═════ DATASET RECORDS ═════
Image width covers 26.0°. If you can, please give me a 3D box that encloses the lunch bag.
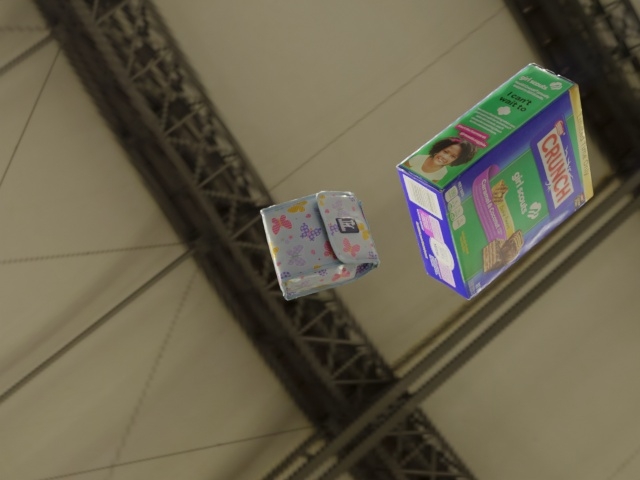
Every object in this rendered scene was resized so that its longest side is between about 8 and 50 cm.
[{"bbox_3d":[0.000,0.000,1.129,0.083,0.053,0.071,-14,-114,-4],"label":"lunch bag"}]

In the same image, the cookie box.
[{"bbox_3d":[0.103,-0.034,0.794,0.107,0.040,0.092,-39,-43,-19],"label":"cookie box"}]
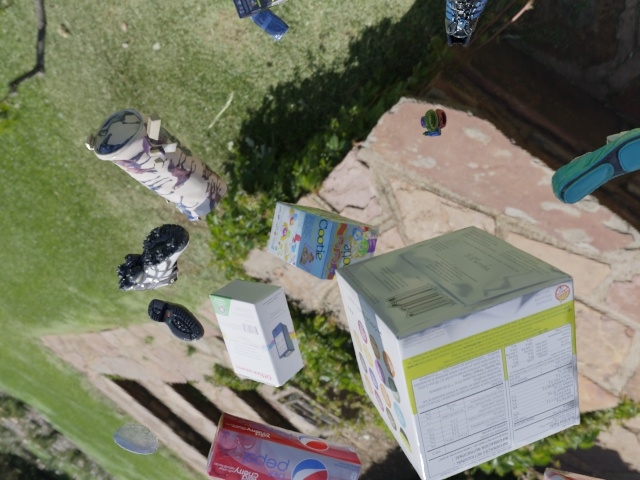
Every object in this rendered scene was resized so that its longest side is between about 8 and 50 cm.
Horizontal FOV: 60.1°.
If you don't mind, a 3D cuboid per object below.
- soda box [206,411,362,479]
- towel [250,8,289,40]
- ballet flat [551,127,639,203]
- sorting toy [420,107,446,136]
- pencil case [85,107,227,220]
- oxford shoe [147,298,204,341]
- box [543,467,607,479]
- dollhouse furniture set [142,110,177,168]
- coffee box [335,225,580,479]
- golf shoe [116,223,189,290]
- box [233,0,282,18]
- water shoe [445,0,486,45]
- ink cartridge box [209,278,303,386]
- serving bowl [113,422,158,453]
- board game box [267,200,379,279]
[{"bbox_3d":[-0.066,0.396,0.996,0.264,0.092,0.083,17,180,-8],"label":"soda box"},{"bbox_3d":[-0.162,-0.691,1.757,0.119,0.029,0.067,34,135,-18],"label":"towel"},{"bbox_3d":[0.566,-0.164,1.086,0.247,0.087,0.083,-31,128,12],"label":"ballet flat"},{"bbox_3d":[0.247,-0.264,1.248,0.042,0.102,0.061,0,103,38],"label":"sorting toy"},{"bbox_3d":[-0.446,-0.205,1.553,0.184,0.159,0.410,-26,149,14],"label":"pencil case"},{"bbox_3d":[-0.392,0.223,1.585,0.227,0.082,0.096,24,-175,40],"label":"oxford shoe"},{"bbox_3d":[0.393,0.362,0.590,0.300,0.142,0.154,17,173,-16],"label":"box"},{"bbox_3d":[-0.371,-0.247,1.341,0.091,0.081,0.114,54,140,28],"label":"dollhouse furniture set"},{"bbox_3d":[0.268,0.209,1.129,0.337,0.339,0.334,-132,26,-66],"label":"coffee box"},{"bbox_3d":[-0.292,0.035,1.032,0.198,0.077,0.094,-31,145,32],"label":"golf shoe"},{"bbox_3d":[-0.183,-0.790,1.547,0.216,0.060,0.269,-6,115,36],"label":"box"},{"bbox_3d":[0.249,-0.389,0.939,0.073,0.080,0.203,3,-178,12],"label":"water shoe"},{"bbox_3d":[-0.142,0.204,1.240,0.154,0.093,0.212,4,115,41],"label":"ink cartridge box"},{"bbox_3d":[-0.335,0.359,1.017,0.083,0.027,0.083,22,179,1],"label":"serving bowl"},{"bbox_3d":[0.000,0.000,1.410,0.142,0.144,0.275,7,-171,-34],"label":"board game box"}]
═════
(THE PROBLEM):
Give every record again exactly, apart from the pictures, which stay out.

(EXERCISE RESPONSE):
Image width covers 26.0°. If you can, please give me a 3D box that encloses the lunch bag.
Every object in this rendered scene was resized so that its longest side is between about 8 and 50 cm.
[{"bbox_3d":[0.000,0.000,1.129,0.083,0.053,0.071,-14,-114,-4],"label":"lunch bag"}]

In the same image, the cookie box.
[{"bbox_3d":[0.103,-0.034,0.794,0.107,0.040,0.092,-39,-43,-19],"label":"cookie box"}]
Every object in this rendered scene was resized so that its longest side is between about 8 and 50 cm.
Horizontal FOV: 60.1°.
If you don't mind, a 3D cuboid per object below.
- soda box [206,411,362,479]
- towel [250,8,289,40]
- ballet flat [551,127,639,203]
- sorting toy [420,107,446,136]
- pencil case [85,107,227,220]
- oxford shoe [147,298,204,341]
- box [543,467,607,479]
- dollhouse furniture set [142,110,177,168]
- coffee box [335,225,580,479]
- golf shoe [116,223,189,290]
- box [233,0,282,18]
- water shoe [445,0,486,45]
- ink cartridge box [209,278,303,386]
- serving bowl [113,422,158,453]
- board game box [267,200,379,279]
[{"bbox_3d":[-0.066,0.396,0.996,0.264,0.092,0.083,17,180,-8],"label":"soda box"},{"bbox_3d":[-0.162,-0.691,1.757,0.119,0.029,0.067,34,135,-18],"label":"towel"},{"bbox_3d":[0.566,-0.164,1.086,0.247,0.087,0.083,-31,128,12],"label":"ballet flat"},{"bbox_3d":[0.247,-0.264,1.248,0.042,0.102,0.061,0,103,38],"label":"sorting toy"},{"bbox_3d":[-0.446,-0.205,1.553,0.184,0.159,0.410,-26,149,14],"label":"pencil case"},{"bbox_3d":[-0.392,0.223,1.585,0.227,0.082,0.096,24,-175,40],"label":"oxford shoe"},{"bbox_3d":[0.393,0.362,0.590,0.300,0.142,0.154,17,173,-16],"label":"box"},{"bbox_3d":[-0.371,-0.247,1.341,0.091,0.081,0.114,54,140,28],"label":"dollhouse furniture set"},{"bbox_3d":[0.268,0.209,1.129,0.337,0.339,0.334,-132,26,-66],"label":"coffee box"},{"bbox_3d":[-0.292,0.035,1.032,0.198,0.077,0.094,-31,145,32],"label":"golf shoe"},{"bbox_3d":[-0.183,-0.790,1.547,0.216,0.060,0.269,-6,115,36],"label":"box"},{"bbox_3d":[0.249,-0.389,0.939,0.073,0.080,0.203,3,-178,12],"label":"water shoe"},{"bbox_3d":[-0.142,0.204,1.240,0.154,0.093,0.212,4,115,41],"label":"ink cartridge box"},{"bbox_3d":[-0.335,0.359,1.017,0.083,0.027,0.083,22,179,1],"label":"serving bowl"},{"bbox_3d":[0.000,0.000,1.410,0.142,0.144,0.275,7,-171,-34],"label":"board game box"}]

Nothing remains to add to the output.